- WHAT YOU SHOULD DO
Word for word, give the data again without its pictures.

------

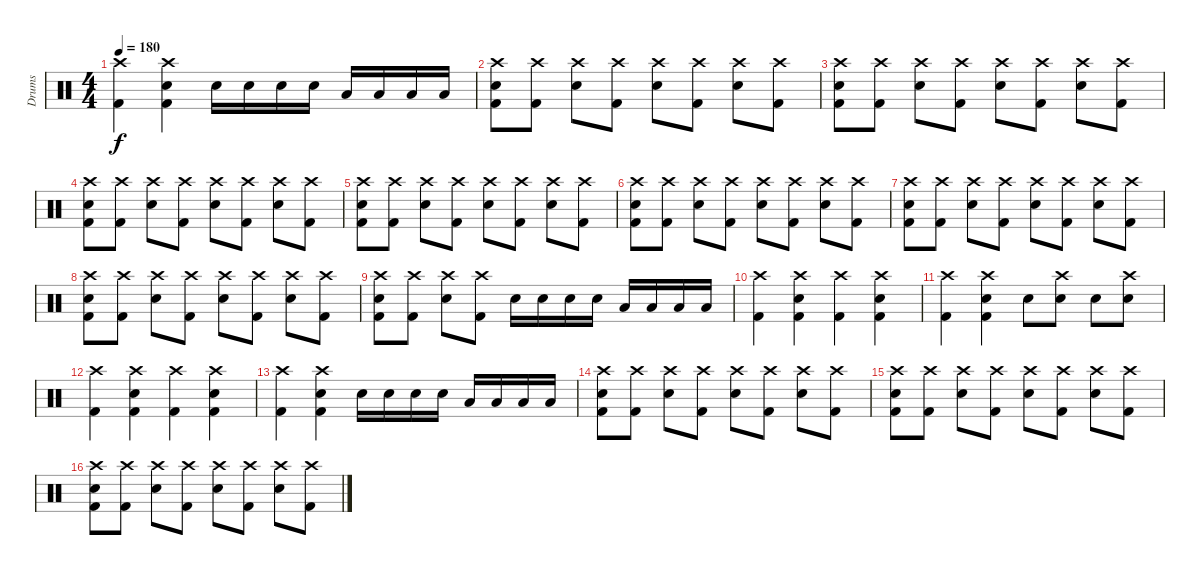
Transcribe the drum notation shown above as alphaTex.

\track ("Drums" "Drums") {instrument percussion}
\staff {score}
\articulation defaults
\ts (4 4)
\tempo 180
\clef neutral
\ks c
("Crash high (hit)" "Kick (hit) 2").4{dy f} ("Crash high (hit)" "Snare (hit) 2" "Kick (hit) 2").4 "Snare (hit) 2".16 "Snare (hit) 2".16 "Snare (hit) 2".16 "Snare (hit) 2".16 "Low Floor Tom (hit)".16 "Low Floor Tom (hit)".16 "Low Floor Tom (hit)".16 "Low Floor Tom (hit)".16 |
("Crash high (hit)" "Snare (hit) 2" "Kick (hit) 2").8 ("Crash high (hit)" "Kick (hit) 2").8 ("Crash high (hit)" "Snare (hit) 2").8 ("Crash high (hit)" "Kick (hit) 2").8 ("Crash high (hit)" "Snare (hit) 2").8 ("Crash high (hit)" "Kick (hit) 2").8 ("Crash high (hit)" "Snare (hit) 2").8 ("Crash high (hit)" "Kick (hit) 2").8 |
("Crash high (hit)" "Snare (hit) 2" "Kick (hit) 2").8 ("Crash high (hit)" "Kick (hit) 2").8 ("Crash high (hit)" "Snare (hit) 2").8 ("Crash high (hit)" "Kick (hit) 2").8 ("Crash high (hit)" "Snare (hit) 2").8 ("Crash high (hit)" "Kick (hit) 2").8 ("Crash high (hit)" "Snare (hit) 2").8 ("Crash high (hit)" "Kick (hit) 2").8 |
("Crash high (hit)" "Snare (hit) 2" "Kick (hit) 2").8 ("Crash high (hit)" "Kick (hit) 2").8 ("Crash high (hit)" "Snare (hit) 2").8 ("Crash high (hit)" "Kick (hit) 2").8 ("Crash high (hit)" "Snare (hit) 2").8 ("Crash high (hit)" "Kick (hit) 2").8 ("Crash high (hit)" "Snare (hit) 2").8 ("Crash high (hit)" "Kick (hit) 2").8 |
("Crash high (hit)" "Snare (hit) 2" "Kick (hit) 2").8 ("Crash high (hit)" "Kick (hit) 2").8 ("Crash high (hit)" "Snare (hit) 2").8 ("Crash high (hit)" "Kick (hit) 2").8 ("Crash high (hit)" "Snare (hit) 2").8 ("Crash high (hit)" "Kick (hit) 2").8 ("Crash high (hit)" "Snare (hit) 2").8 ("Crash high (hit)" "Kick (hit) 2").8 |
("Crash high (hit)" "Snare (hit) 2" "Kick (hit) 2").8 ("Crash high (hit)" "Kick (hit) 2").8 ("Crash high (hit)" "Snare (hit) 2").8 ("Crash high (hit)" "Kick (hit) 2").8 ("Crash high (hit)" "Snare (hit) 2").8 ("Crash high (hit)" "Kick (hit) 2").8 ("Crash high (hit)" "Snare (hit) 2").8 ("Crash high (hit)" "Kick (hit) 2").8 |
("Crash high (hit)" "Snare (hit) 2" "Kick (hit) 2").8 ("Crash high (hit)" "Kick (hit) 2").8 ("Crash high (hit)" "Snare (hit) 2").8 ("Crash high (hit)" "Kick (hit) 2").8 ("Crash high (hit)" "Snare (hit) 2").8 ("Crash high (hit)" "Kick (hit) 2").8 ("Crash high (hit)" "Snare (hit) 2").8 ("Crash high (hit)" "Kick (hit) 2").8 |
("Crash high (hit)" "Snare (hit) 2" "Kick (hit) 2").8 ("Crash high (hit)" "Kick (hit) 2").8 ("Crash high (hit)" "Snare (hit) 2").8 ("Crash high (hit)" "Kick (hit) 2").8 ("Crash high (hit)" "Snare (hit) 2").8 ("Crash high (hit)" "Kick (hit) 2").8 ("Crash high (hit)" "Snare (hit) 2").8 ("Crash high (hit)" "Kick (hit) 2").8 |
("Crash high (hit)" "Snare (hit) 2" "Kick (hit) 2").8 ("Crash high (hit)" "Kick (hit) 2").8 ("Crash high (hit)" "Snare (hit) 2").8 ("Crash high (hit)" "Kick (hit) 2").8 "Snare (hit) 2".16 "Snare (hit) 2".16 "Snare (hit) 2".16 "Snare (hit) 2".16 "Low Floor Tom (hit)".16 "Low Floor Tom (hit)".16 "Low Floor Tom (hit)".16 "Low Floor Tom (hit)".16 |
("Crash high (hit)" "Kick (hit) 2").4 ("Crash high (hit)" "Snare (hit) 2" "Kick (hit) 2").4 ("Crash high (hit)" "Kick (hit) 2").4 ("Crash high (hit)" "Snare (hit) 2" "Kick (hit) 2").4 |
("Crash high (hit)" "Kick (hit) 2").4 ("Crash high (hit)" "Snare (hit) 2" "Kick (hit) 2").4 "Snare (hit) 2".8 ("Crash high (hit)" "Snare (hit) 2").8 "Snare (hit) 2".8 ("Crash high (hit)" "Snare (hit) 2").8 |
("Crash high (hit)" "Kick (hit) 2").4 ("Crash high (hit)" "Snare (hit) 2" "Kick (hit) 2").4 ("Crash high (hit)" "Kick (hit) 2").4 ("Crash high (hit)" "Snare (hit) 2" "Kick (hit) 2").4 |
("Crash high (hit)" "Kick (hit) 2").4 ("Crash high (hit)" "Snare (hit) 2" "Kick (hit) 2").4 "Snare (hit) 2".16 "Snare (hit) 2".16 "Snare (hit) 2".16 "Snare (hit) 2".16 "Low Floor Tom (hit)".16 "Low Floor Tom (hit)".16 "Low Floor Tom (hit)".16 "Low Floor Tom (hit)".16 |
("Crash high (hit)" "Snare (hit) 2" "Kick (hit) 2").8 ("Crash high (hit)" "Kick (hit) 2").8 ("Crash high (hit)" "Snare (hit) 2").8 ("Crash high (hit)" "Kick (hit) 2").8 ("Crash high (hit)" "Snare (hit) 2").8 ("Crash high (hit)" "Kick (hit) 2").8 ("Crash high (hit)" "Snare (hit) 2").8 ("Crash high (hit)" "Kick (hit) 2").8 |
("Crash high (hit)" "Snare (hit) 2" "Kick (hit) 2").8 ("Crash high (hit)" "Kick (hit) 2").8 ("Crash high (hit)" "Snare (hit) 2").8 ("Crash high (hit)" "Kick (hit) 2").8 ("Crash high (hit)" "Snare (hit) 2").8 ("Crash high (hit)" "Kick (hit) 2").8 ("Crash high (hit)" "Snare (hit) 2").8 ("Crash high (hit)" "Kick (hit) 2").8 |
("Crash high (hit)" "Snare (hit) 2" "Kick (hit) 2").8 ("Crash high (hit)" "Kick (hit) 2").8 ("Crash high (hit)" "Snare (hit) 2").8 ("Crash high (hit)" "Kick (hit) 2").8 ("Crash high (hit)" "Snare (hit) 2").8 ("Crash high (hit)" "Kick (hit) 2").8 ("Crash high (hit)" "Snare (hit) 2").8 ("Crash high (hit)" "Kick (hit) 2").8
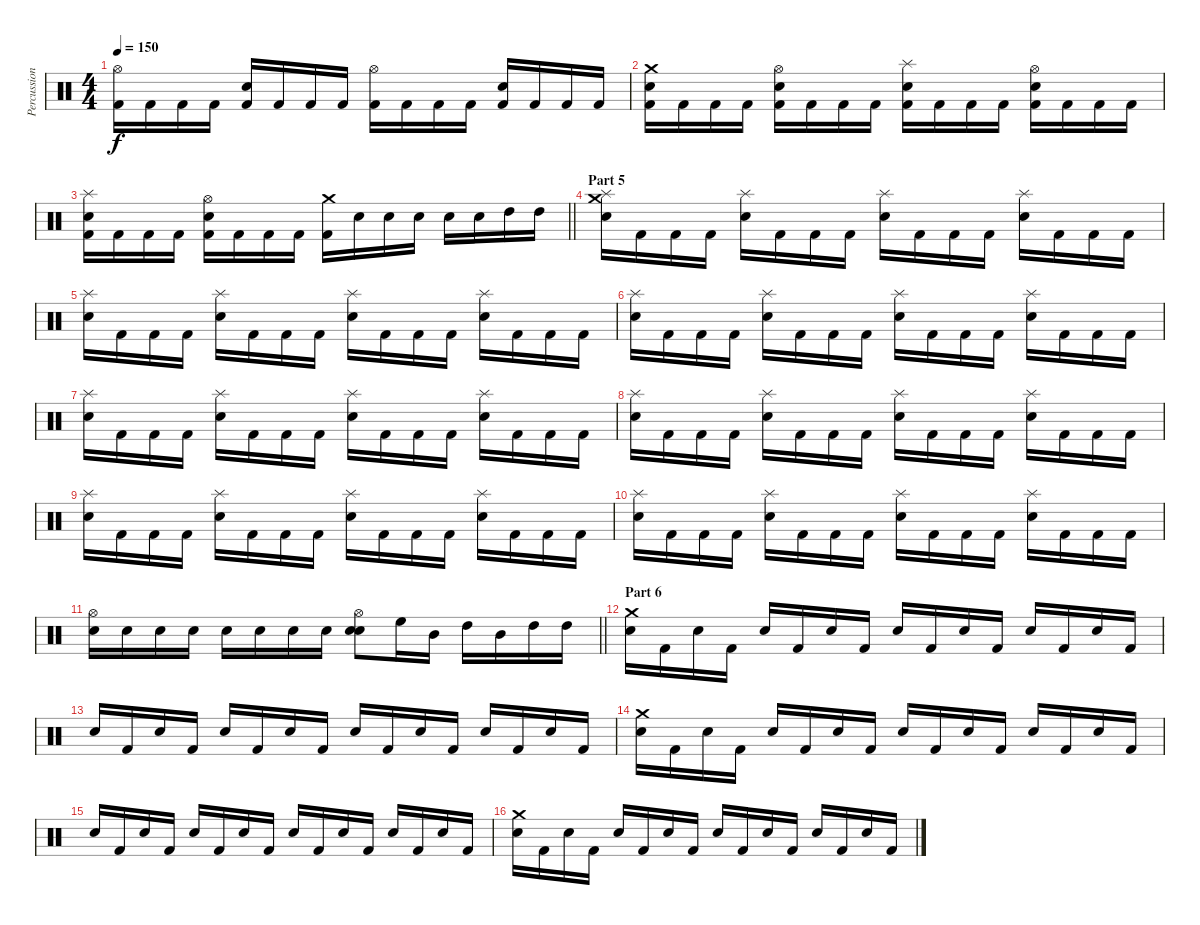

------

- ANSWER SPACE
Transcribe the drum notation shown above as alphaTex.

\track ("Drums" "Drums") {instrument percussion}
\staff {score}
\articulation defaults
\ts (4 4)
\tempo 180
\clef neutral
\ks c
("Crash high (hit)" "Kick (hit) 2").4{dy f} ("Crash high (hit)" "Snare (hit) 2" "Kick (hit) 2").4 "Snare (hit) 2".16 "Snare (hit) 2".16 "Snare (hit) 2".16 "Snare (hit) 2".16 "Low Floor Tom (hit)".16 "Low Floor Tom (hit)".16 "Low Floor Tom (hit)".16 "Low Floor Tom (hit)".16 |
("Crash high (hit)" "Snare (hit) 2" "Kick (hit) 2").8 ("Crash high (hit)" "Kick (hit) 2").8 ("Crash high (hit)" "Snare (hit) 2").8 ("Crash high (hit)" "Kick (hit) 2").8 ("Crash high (hit)" "Snare (hit) 2").8 ("Crash high (hit)" "Kick (hit) 2").8 ("Crash high (hit)" "Snare (hit) 2").8 ("Crash high (hit)" "Kick (hit) 2").8 |
("Crash high (hit)" "Snare (hit) 2" "Kick (hit) 2").8 ("Crash high (hit)" "Kick (hit) 2").8 ("Crash high (hit)" "Snare (hit) 2").8 ("Crash high (hit)" "Kick (hit) 2").8 ("Crash high (hit)" "Snare (hit) 2").8 ("Crash high (hit)" "Kick (hit) 2").8 ("Crash high (hit)" "Snare (hit) 2").8 ("Crash high (hit)" "Kick (hit) 2").8 |
("Crash high (hit)" "Snare (hit) 2" "Kick (hit) 2").8 ("Crash high (hit)" "Kick (hit) 2").8 ("Crash high (hit)" "Snare (hit) 2").8 ("Crash high (hit)" "Kick (hit) 2").8 ("Crash high (hit)" "Snare (hit) 2").8 ("Crash high (hit)" "Kick (hit) 2").8 ("Crash high (hit)" "Snare (hit) 2").8 ("Crash high (hit)" "Kick (hit) 2").8 |
("Crash high (hit)" "Snare (hit) 2" "Kick (hit) 2").8 ("Crash high (hit)" "Kick (hit) 2").8 ("Crash high (hit)" "Snare (hit) 2").8 ("Crash high (hit)" "Kick (hit) 2").8 ("Crash high (hit)" "Snare (hit) 2").8 ("Crash high (hit)" "Kick (hit) 2").8 ("Crash high (hit)" "Snare (hit) 2").8 ("Crash high (hit)" "Kick (hit) 2").8 |
("Crash high (hit)" "Snare (hit) 2" "Kick (hit) 2").8 ("Crash high (hit)" "Kick (hit) 2").8 ("Crash high (hit)" "Snare (hit) 2").8 ("Crash high (hit)" "Kick (hit) 2").8 ("Crash high (hit)" "Snare (hit) 2").8 ("Crash high (hit)" "Kick (hit) 2").8 ("Crash high (hit)" "Snare (hit) 2").8 ("Crash high (hit)" "Kick (hit) 2").8 |
("Crash high (hit)" "Snare (hit) 2" "Kick (hit) 2").8 ("Crash high (hit)" "Kick (hit) 2").8 ("Crash high (hit)" "Snare (hit) 2").8 ("Crash high (hit)" "Kick (hit) 2").8 ("Crash high (hit)" "Snare (hit) 2").8 ("Crash high (hit)" "Kick (hit) 2").8 ("Crash high (hit)" "Snare (hit) 2").8 ("Crash high (hit)" "Kick (hit) 2").8 |
("Crash high (hit)" "Snare (hit) 2" "Kick (hit) 2").8 ("Crash high (hit)" "Kick (hit) 2").8 ("Crash high (hit)" "Snare (hit) 2").8 ("Crash high (hit)" "Kick (hit) 2").8 ("Crash high (hit)" "Snare (hit) 2").8 ("Crash high (hit)" "Kick (hit) 2").8 ("Crash high (hit)" "Snare (hit) 2").8 ("Crash high (hit)" "Kick (hit) 2").8 |
("Crash high (hit)" "Snare (hit) 2" "Kick (hit) 2").8 ("Crash high (hit)" "Kick (hit) 2").8 ("Crash high (hit)" "Snare (hit) 2").8 ("Crash high (hit)" "Kick (hit) 2").8 "Snare (hit) 2".16 "Snare (hit) 2".16 "Snare (hit) 2".16 "Snare (hit) 2".16 "Low Floor Tom (hit)".16 "Low Floor Tom (hit)".16 "Low Floor Tom (hit)".16 "Low Floor Tom (hit)".16 |
("Crash high (hit)" "Kick (hit) 2").4 ("Crash high (hit)" "Snare (hit) 2" "Kick (hit) 2").4 ("Crash high (hit)" "Kick (hit) 2").4 ("Crash high (hit)" "Snare (hit) 2" "Kick (hit) 2").4 |
("Crash high (hit)" "Kick (hit) 2").4 ("Crash high (hit)" "Snare (hit) 2" "Kick (hit) 2").4 "Snare (hit) 2".8 ("Crash high (hit)" "Snare (hit) 2").8 "Snare (hit) 2".8 ("Crash high (hit)" "Snare (hit) 2").8 |
("Crash high (hit)" "Kick (hit) 2").4 ("Crash high (hit)" "Snare (hit) 2" "Kick (hit) 2").4 ("Crash high (hit)" "Kick (hit) 2").4 ("Crash high (hit)" "Snare (hit) 2" "Kick (hit) 2").4 |
("Crash high (hit)" "Kick (hit) 2").4 ("Crash high (hit)" "Snare (hit) 2" "Kick (hit) 2").4 "Snare (hit) 2".16 "Snare (hit) 2".16 "Snare (hit) 2".16 "Snare (hit) 2".16 "Low Floor Tom (hit)".16 "Low Floor Tom (hit)".16 "Low Floor Tom (hit)".16 "Low Floor Tom (hit)".16 |
("Crash high (hit)" "Snare (hit) 2" "Kick (hit) 2").8 ("Crash high (hit)" "Kick (hit) 2").8 ("Crash high (hit)" "Snare (hit) 2").8 ("Crash high (hit)" "Kick (hit) 2").8 ("Crash high (hit)" "Snare (hit) 2").8 ("Crash high (hit)" "Kick (hit) 2").8 ("Crash high (hit)" "Snare (hit) 2").8 ("Crash high (hit)" "Kick (hit) 2").8 |
("Crash high (hit)" "Snare (hit) 2" "Kick (hit) 2").8 ("Crash high (hit)" "Kick (hit) 2").8 ("Crash high (hit)" "Snare (hit) 2").8 ("Crash high (hit)" "Kick (hit) 2").8 ("Crash high (hit)" "Snare (hit) 2").8 ("Crash high (hit)" "Kick (hit) 2").8 ("Crash high (hit)" "Snare (hit) 2").8 ("Crash high (hit)" "Kick (hit) 2").8 |
("Crash high (hit)" "Snare (hit) 2" "Kick (hit) 2").8 ("Crash high (hit)" "Kick (hit) 2").8 ("Crash high (hit)" "Snare (hit) 2").8 ("Crash high (hit)" "Kick (hit) 2").8 ("Crash high (hit)" "Snare (hit) 2").8 ("Crash high (hit)" "Kick (hit) 2").8 ("Crash high (hit)" "Snare (hit) 2").8 ("Crash high (hit)" "Kick (hit) 2").8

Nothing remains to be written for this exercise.